Last Updated: 2019-03-15

Study Results

Results pending

The study team has not published outcome measurements, participant flow, or safety data for this trial yet. Check back later for updates.

Basic Information

Get a concise snapshot of the trial, including recruitment status, study phase, enrollment targets, and key timeline milestones.

Recruitment Status

UNKNOWN

Clinical Phase

PHASE3

Total Enrollment

120 participants

Study Classification

INTERVENTIONAL

Study Start Date

2019-01-29

Study Completion Date

2020-12-31

Brief Summary

Review the sponsor-provided synopsis that highlights what the study is about and why it is being conducted.
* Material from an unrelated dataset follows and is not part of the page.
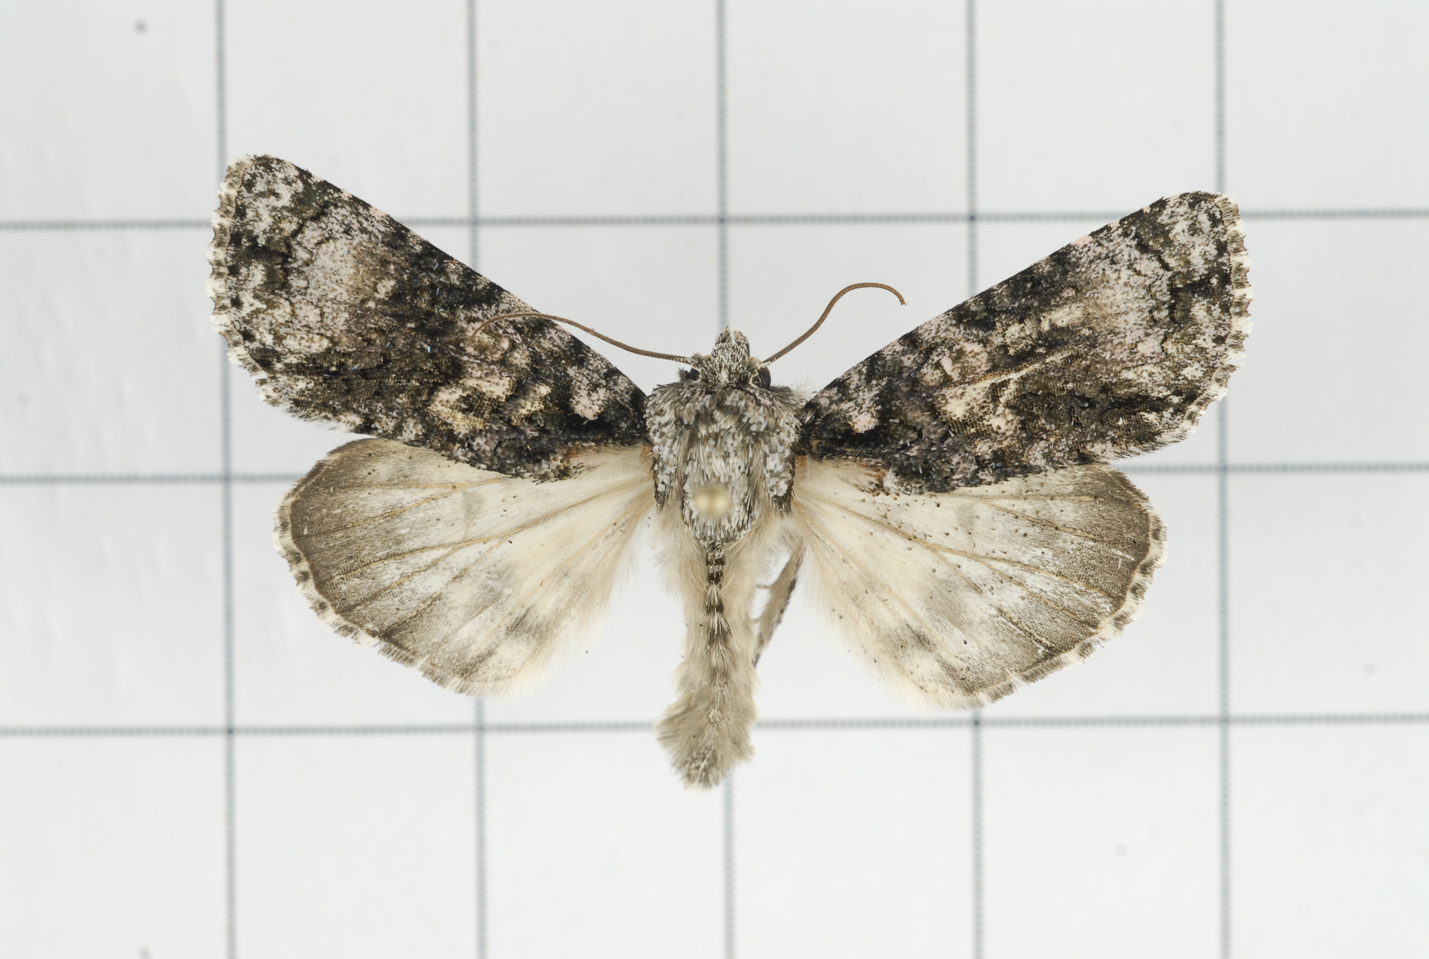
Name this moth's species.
Harmandicrania harmandi

Vitamins A, D, and E play important roles in humans, such as vision function, immune function, bone metabolism, cell growth and differentiation and oxidation resistance. Deficiencies in these vitamins will result in a high prevalence of cardiovascular disease, infection, bone diseases, etc. Preterm infants, especially very low birth weight infants, are at risk of vitamin deficiency. Intravenous perfusion is the most common and widely used method to supply vitamins for the specific population in early life. However, the current dose of vitamin supplied by intravenous perfusion whether can meet the need of growth and development is not sure and the appropriate dose for preterm infants is still uncertain. The purpose of this study is to investigate whether current dose of fat-soluble vitamin supplementation is enough for very low birth weight infants, the safety of high dose of fat-soluble vitamin supplementation, and compare the differences of prevalence of common complications, such as bronchopulmonary dysplasia, patent ductus arteriosus, sepsis, anemia, and neural development between these two groups.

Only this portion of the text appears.